My grandmother and her sisters were named Eunice, Millie Gray, Celestial and Sophronia. Her bothers were Dodd and Milton. I’d particularly love to know how their parents, living waaay the hell out in rural North Carolina in the 1910s, came up with Celestial and Sophronia.
Same situation, except in my case, it’s my great-great-aunt Juanita.
Most of out names are pretty average. Some of my cousins have a little more trendy names (Jennifer, Kenzie, Brittany).
The youngest cousins have weird names, but then they are in Welsh (Calum and Rhys).
The oddest name I can think of in the family is Sherrilyn. My Auntie Sherry. The only reason I found out was I had an old sleeping bag from Grandma with the name on it and I asked her who the heck that was,
Darence (female) Oddly, she goes by “Kitty” instead of the lovely “Darence”
Alfie (another lady!)
Drucie (my grandma)
Bernard (pronounced BER-nerd) go figure…
Autha
Toadie (male)
Carl Gustav
Millie
Modell (female)
I think some of my ancestors were dippin’ into the moonshine.
I know there are a few more odd ones but can’t think of them at the moment.
My mother-in-law’s name is Sheralyn. She named her three sons very ordinary names, except Jonathon. Normal name, weird spelling.
My mom had an Aunt Lou and an Aunt Tom; Lou being short for Louise (changed from Lulu, who had a sister Hattie) and Tom for Thompson (her last name). I get odd looks when I offer people Aunt Tom’s Sugar Cookies, a recipe she passed down to my mom.
I have a cousin Dorinda (Dori for short), and my middle name is Learn. That’s all the weirdness I can think of for my family, though I have a friend with the middle name Burley, his grandfather’s nickname.

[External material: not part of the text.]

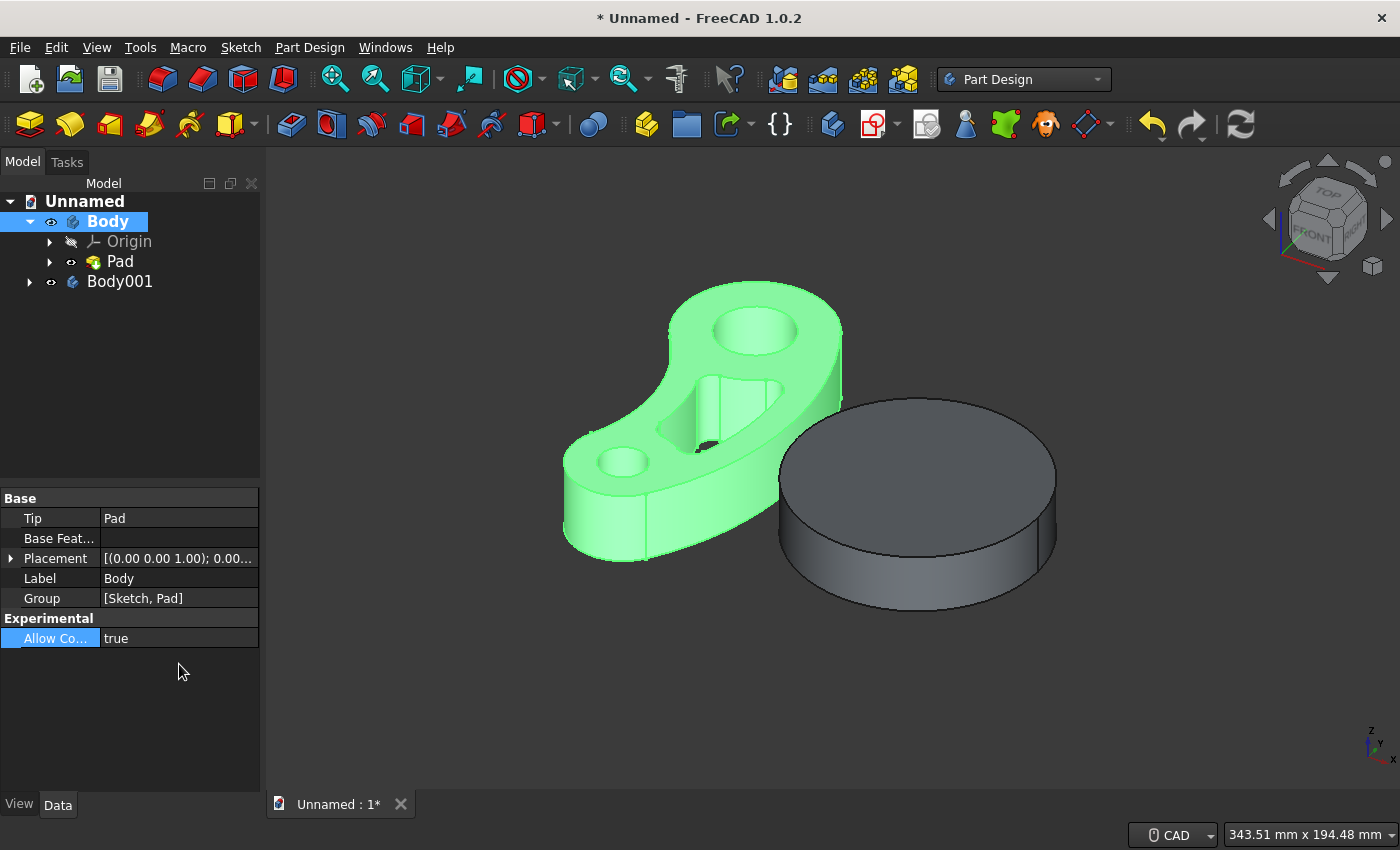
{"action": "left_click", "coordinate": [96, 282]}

My oldest son’s middle name is my grandpa’s middle name – Lane. It was either that or Wilmer.
My best friend’s daughter’s middle name is Skeie, pronounced Shy-ah. It’s Norwegian, I think. Her grade school teachers were forever telling the little girl that she must be spelling it wrong.
I had twin second cousins named Avon and Avonelle.

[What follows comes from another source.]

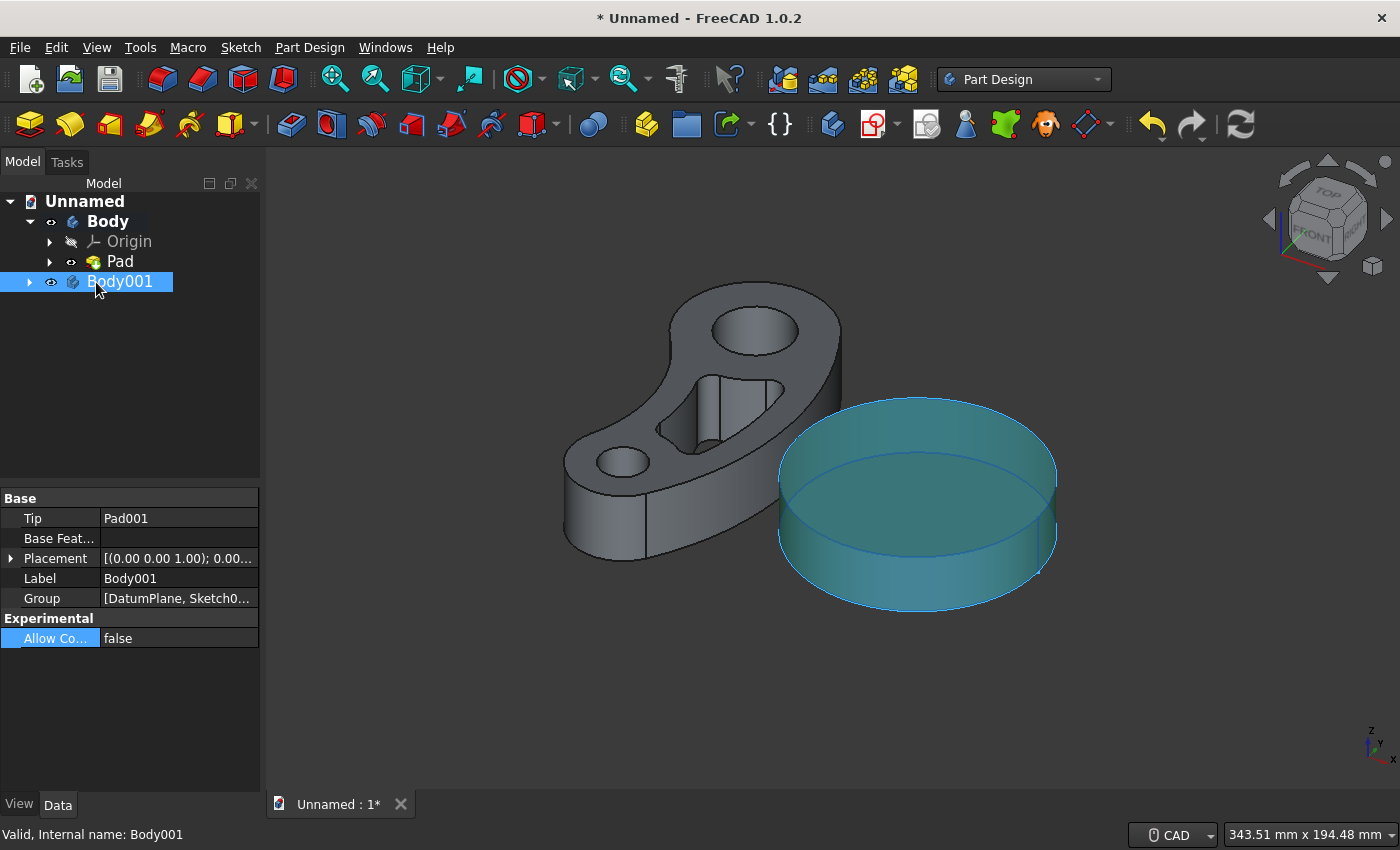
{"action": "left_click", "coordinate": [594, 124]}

Willa (hey - it used to be much more uncommon. She was named for her dad, William)
Alpha (nope, she was the second child)
Venice (2 of 'em! Pronounced Veneece, not like the city)
Lanier (as a middle name)
Milan (again, a middle name)
ShyAnne (yep - phonetically. We railed against that one, but no dice)
Janae
Shad
Irma
Maybelle
Corny
Oate
Aim
Bontje
My mothe is of French descent, so many of the names on her side sounded odd to me as a child, though I recognise that some of them are fairly common now. Odette and Danica are a couple that I’ve not heard elsewhere though, and my mother got the French version of Theresa for her middle name
My father’s side was a lot more bland, but his step-father (who was also of French descent, unlike my father), got saddled with the name Ulysses–he went by the equally unusual name of Romie.
Temperance (several of these on both sides of the family)
Roda-Joicee
Myrticine
Boys:
Arlington (2 of them)
Abishalom (a variant of Absalom, of course)
Salathiel (it appears in the begatting section of the Bible; the last member with this name died this year in his early 90s)
Robert Toombs (the name of a particularly vicious white-supremacist Confederate [even by Confederate standards he was a fanatic] for whom 3 members of the family were named [all in the same line, the younger two named for the elder two])
Yancey (also dates to the Civil War and for Alabama politician Wm. Lowndes Yancey, though the current holder is an 80-something woman)
Zadock (the last holder died a few years ago and he was at least the 4th)
The weirdest (and there are 6 members who have one or the other of these names including 2 who have both): Judieth Tresvant [sometimes spelled Trezevant].
My father/grandfather’s given names were Stephen Garland, both of which mean “wreath” or “crown”- I’m not sure if this was coincidental.
My mother’s name was the quintessential southern belle name, Blanche, though she was named for the silent film actress Blanche Sweet (who my grandmother was a huge fan of- had she been a boy her name would have been Douglas after D. Fairbanks).